- YOUR INSTRUCTIONS
In the records below, find the line that contains "Numbers: x, y, z, sx, sy, sz, roll, pitch, yaw. Lengths". Retype that line and all the lines after it through the end, leaving out the pictures.

Data excerpts:

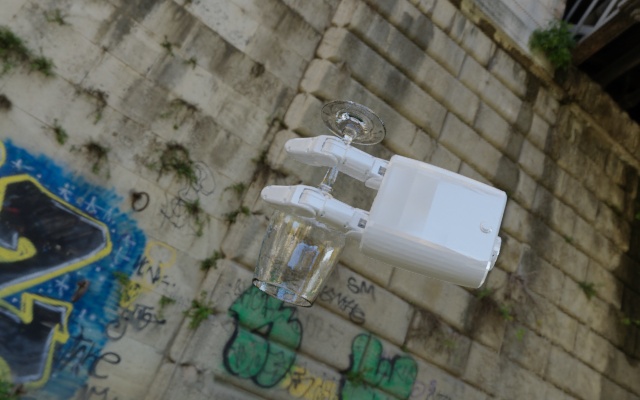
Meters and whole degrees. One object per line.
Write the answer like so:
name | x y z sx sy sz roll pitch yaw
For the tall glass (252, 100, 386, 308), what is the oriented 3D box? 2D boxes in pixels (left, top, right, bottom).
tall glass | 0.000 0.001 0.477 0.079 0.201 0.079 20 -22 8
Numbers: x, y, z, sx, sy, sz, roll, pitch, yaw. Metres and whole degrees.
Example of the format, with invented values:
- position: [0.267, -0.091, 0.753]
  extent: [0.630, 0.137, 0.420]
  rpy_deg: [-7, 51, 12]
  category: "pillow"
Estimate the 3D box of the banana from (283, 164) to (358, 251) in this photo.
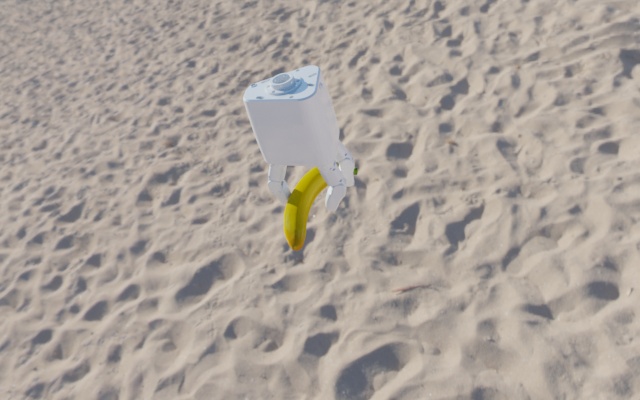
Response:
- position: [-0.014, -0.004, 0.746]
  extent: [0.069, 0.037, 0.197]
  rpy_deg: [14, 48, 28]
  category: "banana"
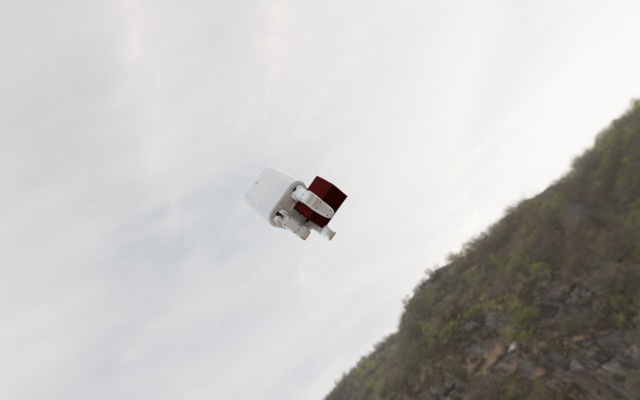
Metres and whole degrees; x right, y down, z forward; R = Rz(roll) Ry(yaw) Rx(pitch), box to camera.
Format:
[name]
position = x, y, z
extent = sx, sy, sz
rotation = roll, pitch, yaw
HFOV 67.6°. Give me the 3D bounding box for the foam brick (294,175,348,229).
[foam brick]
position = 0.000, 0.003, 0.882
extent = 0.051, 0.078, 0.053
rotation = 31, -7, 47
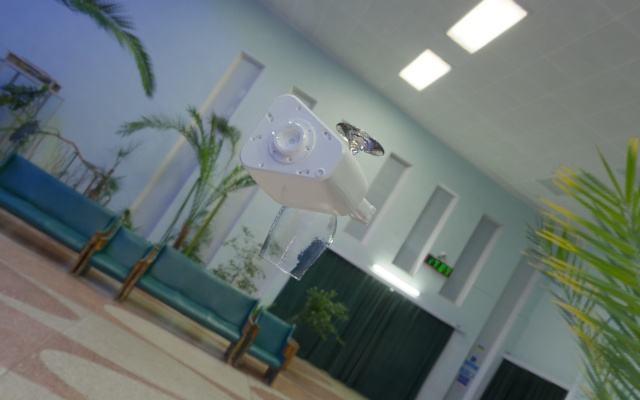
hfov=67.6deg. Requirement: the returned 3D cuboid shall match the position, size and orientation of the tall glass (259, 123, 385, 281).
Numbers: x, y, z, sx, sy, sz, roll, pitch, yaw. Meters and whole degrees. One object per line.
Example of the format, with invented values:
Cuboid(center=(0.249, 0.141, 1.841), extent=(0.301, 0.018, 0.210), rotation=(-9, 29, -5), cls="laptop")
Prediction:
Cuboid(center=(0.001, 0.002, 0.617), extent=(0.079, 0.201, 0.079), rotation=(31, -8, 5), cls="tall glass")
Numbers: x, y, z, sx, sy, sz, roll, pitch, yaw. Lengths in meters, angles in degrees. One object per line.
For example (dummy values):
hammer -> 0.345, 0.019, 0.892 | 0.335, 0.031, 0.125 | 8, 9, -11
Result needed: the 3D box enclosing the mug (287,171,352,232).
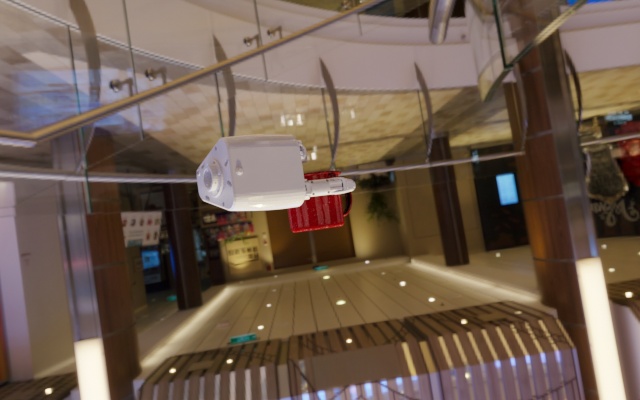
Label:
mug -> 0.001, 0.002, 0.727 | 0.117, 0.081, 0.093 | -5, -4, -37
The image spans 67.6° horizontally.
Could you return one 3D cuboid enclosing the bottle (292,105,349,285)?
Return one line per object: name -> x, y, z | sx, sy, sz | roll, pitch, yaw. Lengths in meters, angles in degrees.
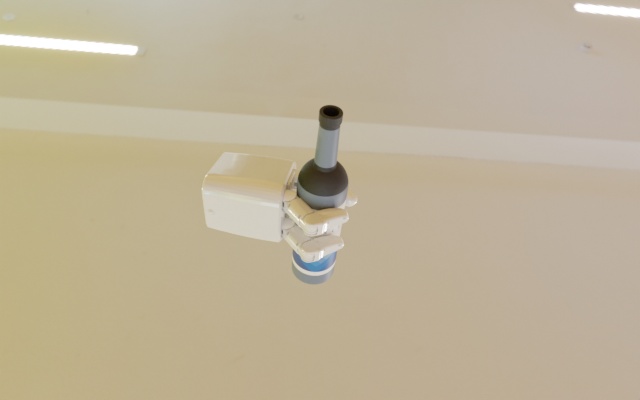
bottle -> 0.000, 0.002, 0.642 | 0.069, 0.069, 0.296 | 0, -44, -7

- ANSWER FOR THE TASK
Numbers: x, y, z, sx, sy, sz, roll, pitch, yaw. Lengths in meters, angles in degrees. One object per line.
For example (dummy values):
hammer -> 0.345, 0.019, 0.892 | 0.335, 0.031, 0.125 | 8, 9, -11
Result needed: the 3D box enclosing the mug (287,171,352,232).
Label:
mug -> 0.001, 0.002, 0.727 | 0.117, 0.081, 0.093 | -5, -4, -37
The image spans 67.6° horizontally.
Could you return one 3D cuboid enclosing the bottle (292,105,349,285)?
Return one line per object: name -> x, y, z | sx, sy, sz | roll, pitch, yaw. Lengths in meters, angles in degrees.
bottle -> 0.000, 0.002, 0.642 | 0.069, 0.069, 0.296 | 0, -44, -7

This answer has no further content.